Толпа заголосила на разные голоса, бабы заохали, закричали девки.
– Ой, горько мне! Го… – донесся залихватский выкрик неугомонного Прошки и тут же оборвался. В задних рядах вспыхнула потасовка. Хорошее дело, какая свадьба без драки? Рух мерзостно улыбнулся, рывком перегнул невестушку через руку и впился в плотно сжатые соленые губы. Марьюшка слабо затрепыхалась. Толпа огласилась азартными воплями.
– Ох, хороша молодая!
– Не девка – огонь!
– Совет да любовь!
Рух отстранился от манящего упругого тела. Всему свое время.
– Счастья!
– Совет да любовь!
– Погорлопанили и будет. Идите на хер! – Рух переступил границу тьмы с тьмой. Голоса утихали, народ повалил с горки шумной гурьбой. Ночь впереди веселая, пьяная. Заступу женили. Вдали, за Гажьей топью, ветвистые молнии рвали небесные потроха.
Бабья песня доносилась обрывками:
Отставала лебедушка,
Да отставала лебедь белая
Прочь от стада лебединого,
Приставала лебедушка,
Да приставала лебедь белая
К черну ворону…
Невеста споткнулась в кромешной темноте, крепче вцепилась в руку. Послышался удар, видимо, локтем и сдавленный писк.

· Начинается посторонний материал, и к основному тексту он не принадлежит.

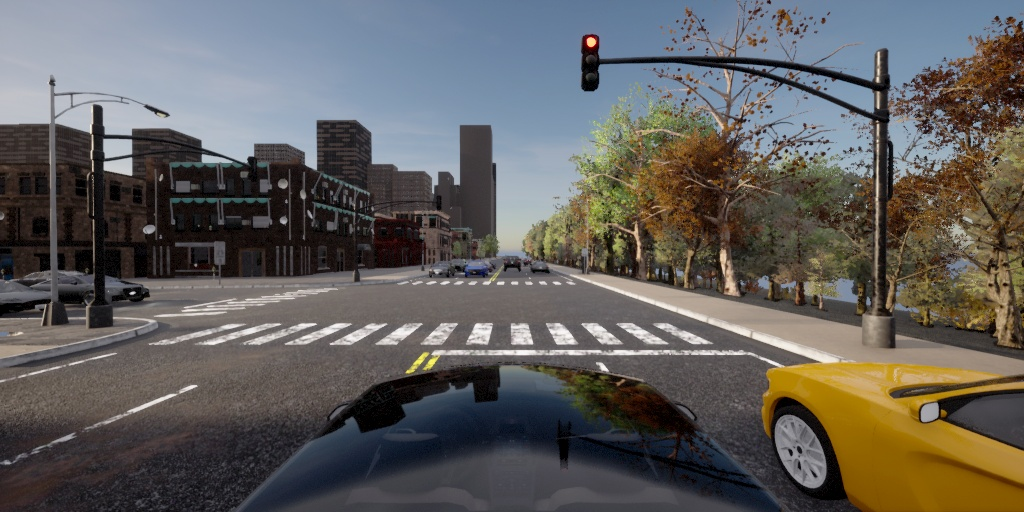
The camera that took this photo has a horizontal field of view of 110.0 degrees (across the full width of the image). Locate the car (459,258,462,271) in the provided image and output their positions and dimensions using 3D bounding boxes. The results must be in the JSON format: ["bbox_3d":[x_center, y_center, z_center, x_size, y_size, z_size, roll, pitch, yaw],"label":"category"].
[{"bbox_3d":[-6.634,1.087,44.216,2.097,1.767,4.553,0,0,0],"label":"car"}]

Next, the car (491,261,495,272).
[{"bbox_3d":[-3.382,1.261,44.130,1.812,1.442,4.674,0,0,0],"label":"car"}]

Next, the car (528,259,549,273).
[{"bbox_3d":[3.304,1.299,43.438,1.994,1.385,4.181,0,0,0],"label":"car"}]

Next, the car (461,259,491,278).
[{"bbox_3d":[-3.376,1.217,34.733,1.882,1.535,5.008,0,0,0],"label":"car"}]

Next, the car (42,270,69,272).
[{"bbox_3d":[-28.301,1.559,22.040,4.403,1.370,2.007,0,0,0],"label":"car"}]

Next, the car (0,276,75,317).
[{"bbox_3d":[-19.959,1.565,13.537,4.313,1.339,1.948,0,0,0],"label":"car"}]

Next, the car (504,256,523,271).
[{"bbox_3d":[0.050,0.954,48.969,2.150,2.045,5.566,0,0,0],"label":"car"}]

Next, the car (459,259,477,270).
[{"bbox_3d":[-6.634,1.222,54.585,2.128,1.511,4.902,0,0,0],"label":"car"}]

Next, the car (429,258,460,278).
[{"bbox_3d":[-6.625,1.231,34.342,2.128,1.511,4.902,0,0,0],"label":"car"}]

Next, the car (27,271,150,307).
[{"bbox_3d":[-19.186,1.526,16.243,4.181,1.385,1.994,-1,1,0],"label":"car"}]

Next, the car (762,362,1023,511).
[{"bbox_3d":[3.351,1.228,1.432,1.882,1.535,5.008,0,0,0],"label":"car"}]
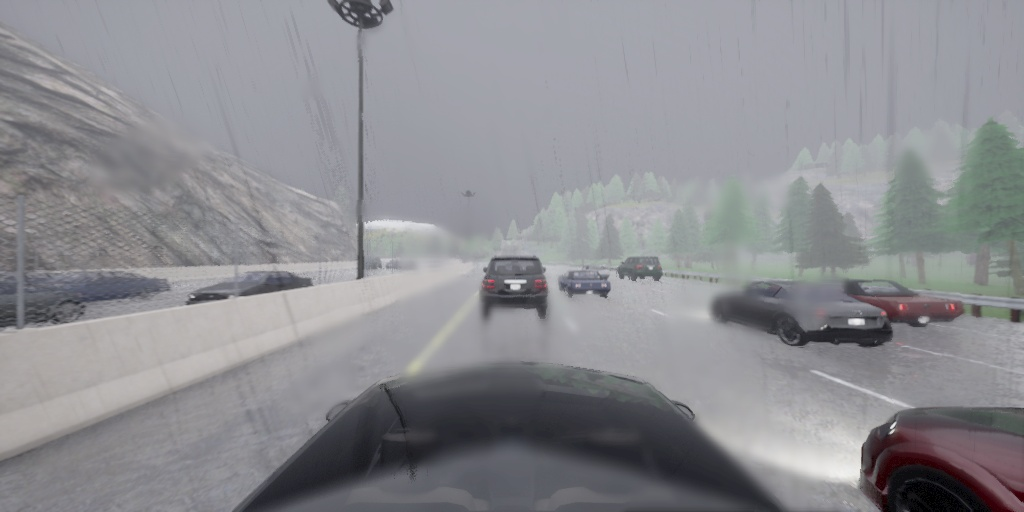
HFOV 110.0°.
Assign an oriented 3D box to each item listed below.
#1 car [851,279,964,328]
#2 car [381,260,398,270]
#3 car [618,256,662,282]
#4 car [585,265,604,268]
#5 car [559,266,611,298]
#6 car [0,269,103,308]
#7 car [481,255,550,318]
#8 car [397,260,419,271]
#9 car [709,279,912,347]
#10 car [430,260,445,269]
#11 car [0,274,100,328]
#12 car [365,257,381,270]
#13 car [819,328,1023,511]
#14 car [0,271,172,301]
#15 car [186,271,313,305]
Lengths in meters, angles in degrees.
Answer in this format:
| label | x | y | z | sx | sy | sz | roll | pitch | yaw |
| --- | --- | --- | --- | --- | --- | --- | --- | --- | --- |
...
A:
| label | x | y | z | sx | sy | sz | roll | pitch | yaw |
| --- | --- | --- | --- | --- | --- | --- | --- | --- | --- |
| car | 10.598 | 1.373 | 11.438 | 1.895 | 1.301 | 4.718 | 0 | 0 | 0 |
| car | -18.515 | 1.370 | 56.579 | 2.128 | 1.511 | 4.902 | 0 | 0 | -5 |
| car | 10.601 | 1.038 | 30.057 | 2.150 | 2.045 | 5.566 | 0 | 0 | 0 |
| car | 7.102 | 1.421 | 31.567 | 1.895 | 1.301 | 4.718 | 0 | 0 | 0 |
| car | 3.600 | 1.390 | 18.626 | 1.895 | 1.301 | 4.718 | 0 | 0 | 0 |
| car | -21.099 | 1.329 | 14.922 | 2.033 | 1.411 | 5.357 | 0 | 0 | 0 |
| car | 0.100 | 0.999 | 13.168 | 2.150 | 2.045 | 5.566 | 0 | 0 | 0 |
| car | -14.600 | 1.392 | 51.330 | 1.812 | 1.442 | 4.674 | 0 | 0 | -4 |
| car | 7.101 | 1.332 | 9.400 | 1.994 | 1.385 | 4.181 | 0 | 0 | 0 |
| car | -11.369 | 1.401 | 55.184 | 1.812 | 1.442 | 4.674 | 0 | 0 | -4 |
| car | -14.100 | 1.332 | 9.250 | 1.994 | 1.385 | 4.181 | 0 | 0 | 0 |
| car | -21.932 | 1.098 | 55.925 | 2.150 | 2.045 | 5.566 | 0 | 0 | -5 |
| car | 3.599 | 1.312 | 0.925 | 1.994 | 1.385 | 4.181 | 0 | 0 | 0 |
| car | -17.600 | 1.329 | 15.130 | 2.033 | 1.411 | 5.357 | 0 | 0 | 0 |
| car | -10.600 | 1.329 | 15.177 | 2.033 | 1.411 | 5.357 | 0 | 0 | 0 |

– Осторожно, ступеньки, – предупредил Бучила.
– Темно, батюшка.
– Так ночь.
Невеста едва слышно всхлипнула.
– Боишься меня? – спросил Рух.
– Боюсь маненько, – призналась Марьюшка. – Раньше страсть как боялась, а потом дедушка Анисим отвару дал, я успокоилась.
«Добрый дедушка», – хмыкнул про себя Рух, чувствуя на губах вяжущий вкус конопляного масла, спорыньи [2] и мака. Опоили девку, потому и ноги еле несут. А по-другому невесты к Бучиле не ходят.
– Холодно, – пожаловалась невеста.
– Привыкай, в холоде мясо дольше хранится, будешь вечно молодой и красивой, – невесело отшутился Рух.
Марьюшка рассмеялась, словно бусы на серебряное блюдо просыпала.
– Печку бы затопить.
«Хозяйственная», – умилился Бучила. Разные у него жены были: покорные и вздорные, милые и сварливые, хохотушки и плаксы. Ни с одной не ужился. Может, вот она, та единственная? А если судьба?
В женскую половину он пропустил ее первой, сам следом вошел. Сквозняки дули из переходов и трещин, разбавляя сладковатый дух разложения. Невеста, сама того не желая, прижалась к суженому, ища тепла, но обретая стылость и тлен.
– Где мы, батюшка? Ничего не вижу.
Рух не ответил. Не счел нужным, прекрасно зная, что с такими молоденькими и упругими делают. Беседы закончились.
Он привлек невесту, ощущая прерывистое горячее дыхание, втягивая запах волос и женского пота. Руки коснулись бурно вздымающейся груди с напрягшимися сосками, скользнули ниже. Рух заворчал по-звериному, уже не сдерживая себя, и впился зубами в тонкую шейку. Марьюшка охнула и обмякла, ладошки разжались. Жила лопнула. Рот Бучилы раскрылся в лепестковую пасть, и он принялся жадно лакать горячую кровь. Вкусную, сладкую, пряную. Тепло разливалось по онемевшему мертвому телу. Жены, застывшие вдоль стен огромного зала, смотрели незрячими пустыми глазами, высушенные, заросшие паутиной и плесенью. Выпитые досуха. По одной в год. Сорок да девять, да еще одна. Полста жен упыря Руха Бучилы.